I'm thinking that maybe there is also something going on with the order of rows and columns in the map_y array?
I don't think the image is being cropped. Rather, the values are "crowded" in the top-middle pixels, so that they get overwritten. Consider the following example with a simple function on a checkerboard.
import numpy as np
import cv2
import pickle
y_size=200
x_size=200
x=np.linspace(0,x_size,x_size+1)
y=(-(x-x_size/2)*(x-x_size/2))/x_size+x_size
plt.plot(x,y)
The function looks like this:
Then let's produce an image with a regular pattern.
test=np.zeros((x_size,y_size),dtype=np.float32)

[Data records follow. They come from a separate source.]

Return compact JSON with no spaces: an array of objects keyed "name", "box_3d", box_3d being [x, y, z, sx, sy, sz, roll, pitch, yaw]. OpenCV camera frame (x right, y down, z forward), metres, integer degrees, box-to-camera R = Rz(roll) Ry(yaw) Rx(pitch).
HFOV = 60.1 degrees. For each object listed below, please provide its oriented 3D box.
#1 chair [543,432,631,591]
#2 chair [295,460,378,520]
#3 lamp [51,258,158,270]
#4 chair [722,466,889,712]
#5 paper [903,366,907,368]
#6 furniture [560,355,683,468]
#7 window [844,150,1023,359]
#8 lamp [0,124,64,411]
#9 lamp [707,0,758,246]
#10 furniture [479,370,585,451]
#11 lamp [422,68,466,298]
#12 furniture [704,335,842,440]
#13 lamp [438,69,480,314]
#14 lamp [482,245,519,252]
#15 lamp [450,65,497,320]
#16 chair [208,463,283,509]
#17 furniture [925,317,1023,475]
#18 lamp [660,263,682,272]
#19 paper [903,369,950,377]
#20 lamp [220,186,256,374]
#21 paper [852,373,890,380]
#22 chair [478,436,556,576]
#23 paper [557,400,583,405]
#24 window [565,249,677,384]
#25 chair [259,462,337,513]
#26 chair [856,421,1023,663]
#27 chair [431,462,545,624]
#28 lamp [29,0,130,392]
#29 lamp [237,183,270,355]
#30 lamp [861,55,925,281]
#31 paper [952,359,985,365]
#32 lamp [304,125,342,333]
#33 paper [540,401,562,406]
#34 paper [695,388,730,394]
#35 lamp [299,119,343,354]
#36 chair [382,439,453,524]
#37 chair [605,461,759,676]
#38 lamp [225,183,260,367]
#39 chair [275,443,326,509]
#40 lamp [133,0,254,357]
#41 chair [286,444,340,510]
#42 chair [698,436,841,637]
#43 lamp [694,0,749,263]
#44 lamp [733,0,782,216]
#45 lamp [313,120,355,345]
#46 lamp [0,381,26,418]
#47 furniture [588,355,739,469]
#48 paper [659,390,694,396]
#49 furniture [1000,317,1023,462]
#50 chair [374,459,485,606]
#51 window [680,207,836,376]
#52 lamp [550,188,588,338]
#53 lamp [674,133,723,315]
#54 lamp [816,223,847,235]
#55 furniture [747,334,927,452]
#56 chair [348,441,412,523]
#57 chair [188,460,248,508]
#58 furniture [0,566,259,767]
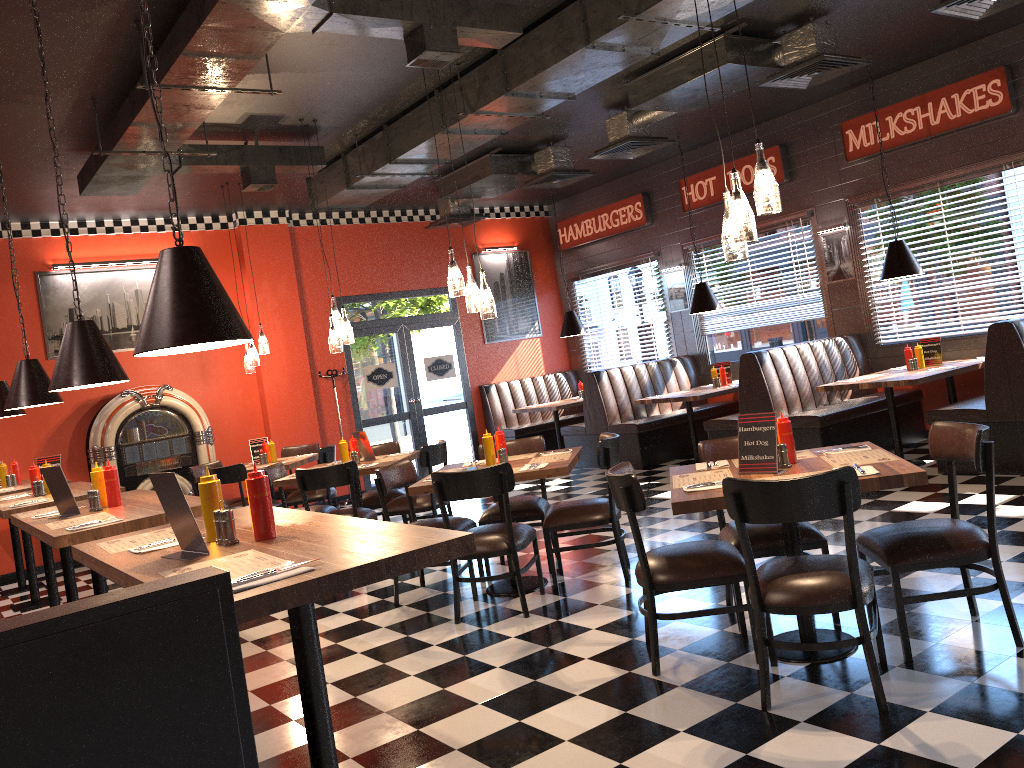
[{"name":"chair","box_3d":[0.473,0.780,5.592,0.544,0.868,0.486,-9,0,7]},{"name":"chair","box_3d":[-1.329,1.028,6.824,0.486,0.868,0.544,-9,0,5]},{"name":"lamp","box_3d":[-4.322,-1.346,9.862,1.449,0.056,0.081,-10,1,-35]},{"name":"chair","box_3d":[1.130,0.736,3.389,0.485,0.868,0.545,-9,0,22]},{"name":"paper","box_3d":[3.872,-0.173,8.562,0.366,0.001,0.260,-10,2,-34]},{"name":"furniture","box_3d":[1.470,0.330,11.231,1.715,1.155,0.703,-9,0,-35]},{"name":"window","box_3d":[4.265,-1.187,8.563,0.128,1.715,2.020,-8,0,-35]},{"name":"lamp","box_3d":[-3.557,-0.852,6.326,0.381,2.046,0.382,-9,-1,6]},{"name":"lamp","box_3d":[0.849,-1.574,3.807,0.108,1.967,0.109,-10,-1,42]},{"name":"furniture","box_3d":[0.513,0.442,12.603,1.715,1.155,0.703,-9,0,-35]},{"name":"lamp","box_3d":[-0.495,-1.528,5.674,0.108,1.967,0.109,-9,-1,27]},{"name":"furniture","box_3d":[2.829,0.170,9.282,1.715,1.155,0.703,-9,0,-35]},{"name":"lamp","box_3d":[-0.386,-1.434,5.764,0.108,1.967,0.108,-9,-1,7]},{"name":"lamp","box_3d":[-0.167,-1.956,12.820,0.612,0.056,0.081,-10,1,-35]},{"name":"lamp","box_3d":[-0.296,-1.385,5.671,0.109,1.967,0.108,-8,-1,-23]},{"name":"chair","box_3d":[-2.564,1.176,8.505,0.485,0.868,0.546,-9,0,30]},{"name":"furniture","box_3d":[4.188,0.010,7.332,1.715,1.155,0.703,-9,0,-35]},{"name":"lamp","box_3d":[2.058,-1.500,11.441,0.081,0.056,0.333,-9,1,-35]},{"name":"paper","box_3d":[3.525,-0.092,7.539,0.366,0.001,0.260,-10,2,-38]},{"name":"lamp","box_3d":[-2.842,-1.081,9.134,0.108,1.967,0.109,-10,-1,37]},{"name":"paper","box_3d":[3.254,-0.065,8.115,0.366,0.001,0.260,-10,2,-35]},{"name":"chair","box_3d":[0.030,0.834,6.147,0.486,0.868,0.545,-9,0,10]},{"name":"paper","box_3d":[0.742,0.240,11.364,0.366,0.001,0.260,-10,2,-38]},{"name":"window","box_3d":[1.548,-0.867,12.461,0.128,1.715,2.020,-8,0,-35]},{"name":"chair","box_3d":[-1.771,1.082,7.380,0.544,0.868,0.486,-9,0,2]},{"name":"chair","box_3d":[1.771,0.627,3.723,0.544,0.868,0.486,-9,0,5]},{"name":"chair","box_3d":[-0.137,0.886,5.162,0.485,0.868,0.545,-9,0,13]},{"name":"lamp","box_3d":[-2.311,-0.999,4.538,0.381,2.046,0.382,-9,-1,6]},{"name":"lamp","box_3d":[-2.695,-1.277,9.137,0.108,1.967,0.108,-9,-1,-3]},{"name":"lamp","box_3d":[3.386,-1.980,8.060,0.380,2.046,0.383,-10,-1,36]},{"name":"paper","box_3d":[4.192,-0.208,8.002,0.366,0.001,0.260,-10,2,-34]},{"name":"lamp","box_3d":[-1.618,-1.401,7.489,0.108,1.967,0.108,-9,-1,12]},{"name":"paper","box_3d":[0.467,0.268,11.938,0.366,0.001,0.260,-10,2,-35]},{"name":"paper","box_3d":[2.150,0.072,9.432,0.366,0.001,0.260,-10,2,-33]},{"name":"lamp","box_3d":[-1.593,-1.227,7.311,0.109,1.967,0.108,-8,-1,-23]},{"name":"chair","box_3d":[-0.739,0.926,7.195,0.543,0.868,0.487,-9,0,14]},{"name":"chair","box_3d":[0.754,0.779,3.981,0.544,0.868,0.486,-9,0,5]},{"name":"lamp","box_3d":[-2.770,-1.149,9.043,0.108,1.967,0.108,-9,-1,7]},{"name":"chair","box_3d":[-2.305,1.108,9.534,0.485,0.868,0.545,-9,0,20]},{"name":"lamp","box_3d":[-1.209,-1.129,2.957,0.381,2.046,0.382,-9,-1,6]},{"name":"chair","box_3d":[-1.978,1.074,8.887,0.545,0.868,0.486,-9,0,-3]},{"name":"chair","box_3d":[1.236,0.694,4.343,0.486,0.868,0.544,-9,0,4]},{"name":"lamp","box_3d":[0.843,-1.517,3.928,0.108,1.967,0.108,-9,-1,12]},{"name":"lamp","box_3d":[0.959,-1.705,3.831,0.109,1.967,0.108,-8,-1,-43]},{"name":"lamp","box_3d":[-1.511,-1.302,7.394,0.108,1.967,0.109,-10,-1,37]},{"name":"lamp","box_3d":[-4.832,-0.702,8.155,0.381,2.046,0.382,-9,-1,6]},{"name":"furniture","box_3d":[1.872,0.282,10.655,1.715,1.155,0.703,-9,0,-35]},{"name":"paper","box_3d":[1.832,0.107,9.993,0.366,0.001,0.260,-10,2,-33]},{"name":"furniture","box_3d":[4.589,-0.038,6.757,1.715,1.155,0.703,-9,0,-35]},{"name":"chair","box_3d":[-0.559,0.936,5.777,0.543,0.868,0.487,-9,0,19]},{"name":"window","box_3d":[2.906,-1.027,10.512,0.128,1.715,2.020,-8,0,-35]},{"name":"lamp","box_3d":[0.675,-1.661,11.949,0.381,2.046,0.382,-9,-1,14]},{"name":"lamp","box_3d":[2.030,-1.821,10.005,0.380,2.046,0.383,-10,-1,36]},{"name":"lamp","box_3d":[3.420,-1.660,9.488,0.081,0.056,0.333,-9,1,-35]},{"name":"furniture","box_3d":[3.230,0.122,8.706,1.715,1.155,0.703,-9,0,-35]},{"name":"chair","box_3d":[-1.161,0.976,7.809,0.487,0.868,0.543,-9,0,-12]},{"name":"chair","box_3d":[-2.920,1.218,8.991,0.543,0.868,0.487,-9,0,19]},{"name":"furniture","box_3d":[-3.374,1.255,4.904,1.107,1.150,8.728,-9,1,-35]}]

for i in range(0, y_size):
for j in range(0,x_size):
if i%2 and j%2:
test[i][j]=255
cv2.imwrite('checker.png',test)
Now let's apply your shift function to that pattern:
map_y=np.zeros((x_size,y_size),dtype=np.float32)
map_x=np.zeros((x_size,y_size),dtype=np.float32)
for i in range(0, y_size):
for j in range(0,x_size):
map_y[i][j]= y_size-((y_size - i) * ((y_size - y[j]) / y_size))
map_x[i][j]=j
warped=cv2.remap(test,map_x,map_y,cv2.INTER_LINEAR)
cv2.imwrite('warped.png',warped)
If you notice, because of the shift, more than one value corresponds to the top-middle areas, which makes it look like it is cropped. But if you check to the top left and right corners of the image, notice that the values are sparser, thus the "cropping" effect does not occur much. I hope the simple example helps better to understand what is going on.